At a Friday meeting FDA co-hosted with ASCO and Friends of Cancer Research, patient advocates expressed concern over their ability to access newly approved tissue-agnostic medicines, as well as clinical trials assessing up-and-coming treatments based on molecular markers rather than tissue of origin. Stakeholders also raised concerns about the lack of access to tumor-profiling technologies and inconsistent approaches among regulators to tissue-agnostic drug development.
At the workshop on the development of therapies for tissue agnostic, biomarker-based indications, patients talked about the difficulty of finding studies enrolling patients based on mutations and/or tumor molecular markers rather than tumor type.
Ann Ramer, a patient advocate with family members who harbor p53 mutations, cited challenges in searching ClinicalTrials.gov by tumor type or for rare tumors that may be studied as part of a tissue-agnostic trial. With children who have cancer, Ramer said it can be daunting to find new treatment options, including investigational agents.
Other advocates also said the way patient groups are organized can present another hurdle to connecting patients with clinical trials because most groups are organized around a specific tissue type.
FDA has approved two drugs for tissue-agnostic indications: anti-PD-1 mAb Keytruda pembrolizumab from Merck & Co. Inc. (NYSE:MRK) to treat MSI-high cancers, and Vitrakvi larotrectinib from the Loxo Oncology unit of Eli Lilly and Co. (NYSE:LLY) to treat cancers with NTRK gene fusions. Neither drug was approved with a companion diagnostic.
Loxo CEO Joshua Bilenker lamented the fragmented state of tumor profiling, which the biotech used via various sources to identify NTRK mutations in the clinical trials.
“Only 15% of patients are getting access to tumor profiling but it needs to be standard of care,” he said, adding that “Medicare has led the way, but private payers have not followed suit.”
Last year, CMS issued a National Coverage Determination that backed coverage of multiple next-generation sequencing-based tumor-profiling technologies, including the Foundation One test from the Foundation Medicine Inc. unit of Roche (SIX:ROG; OTCQX:RHHBY).

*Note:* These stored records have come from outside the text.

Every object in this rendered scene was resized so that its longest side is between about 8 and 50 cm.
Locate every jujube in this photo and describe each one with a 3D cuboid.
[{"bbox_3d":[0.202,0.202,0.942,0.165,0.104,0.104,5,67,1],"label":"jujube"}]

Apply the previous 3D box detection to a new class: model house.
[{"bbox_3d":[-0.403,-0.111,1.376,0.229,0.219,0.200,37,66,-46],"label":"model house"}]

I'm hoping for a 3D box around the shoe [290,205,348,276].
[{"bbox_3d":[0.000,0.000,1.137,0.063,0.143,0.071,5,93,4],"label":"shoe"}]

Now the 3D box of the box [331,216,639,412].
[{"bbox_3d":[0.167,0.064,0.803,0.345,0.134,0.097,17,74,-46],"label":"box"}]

Several attendees, including oncologists from academic medical centers and industry representatives, said most community oncologists don’t use tumor profiling until patients have progressed on multiple therapies, if at all. Many said the results from tumor-profiling tests are difficult to interpret with regard to the recommended targeted treatments or potential clinical trials for patients.

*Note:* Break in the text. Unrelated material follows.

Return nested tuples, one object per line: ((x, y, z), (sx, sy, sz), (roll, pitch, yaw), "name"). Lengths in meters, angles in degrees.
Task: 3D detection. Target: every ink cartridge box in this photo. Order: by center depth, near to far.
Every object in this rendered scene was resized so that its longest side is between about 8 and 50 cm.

Another challenge raised by Merck’s Eric Rubin was inconsistency among international regulators. Keytruda gained a tissue-agnostic approval in Japan and is approved for the MSI-high indication in 22 countries. “One of the areas it hasn’t occurred yet is Europe,” said Rubin, who is medical oncologist and VP of global clinical oncology.
Pierre Demolis, chairman of the oncology working party of EMA’s CHMP, highlighted some of the issues that have come up as EMA continues to review two undisclosed applications seeking tissue-agnostic indications. For example, he pointed to instances where patients harbor a biomarker that could be associated with multiple different tumor types but do not respond to the targeted treatment used in a tissue-agnostic approach. Demolis also noted the potential for marker heterogeneity in the tumor or metastases.
“You have a marker but the marker isn’t explaining everything,” Demolis said, “you could have alternative drivers.”
EMA also doesn’t often approve agents based on single-arm studies, which Merck and Loxo both used to support approval of their agents.
Demolis did say that EMA’s forthcoming fifth update to its oncology product guidelines will address some issues related to tissue-agnostic drug development. He did not give a time frame for its release.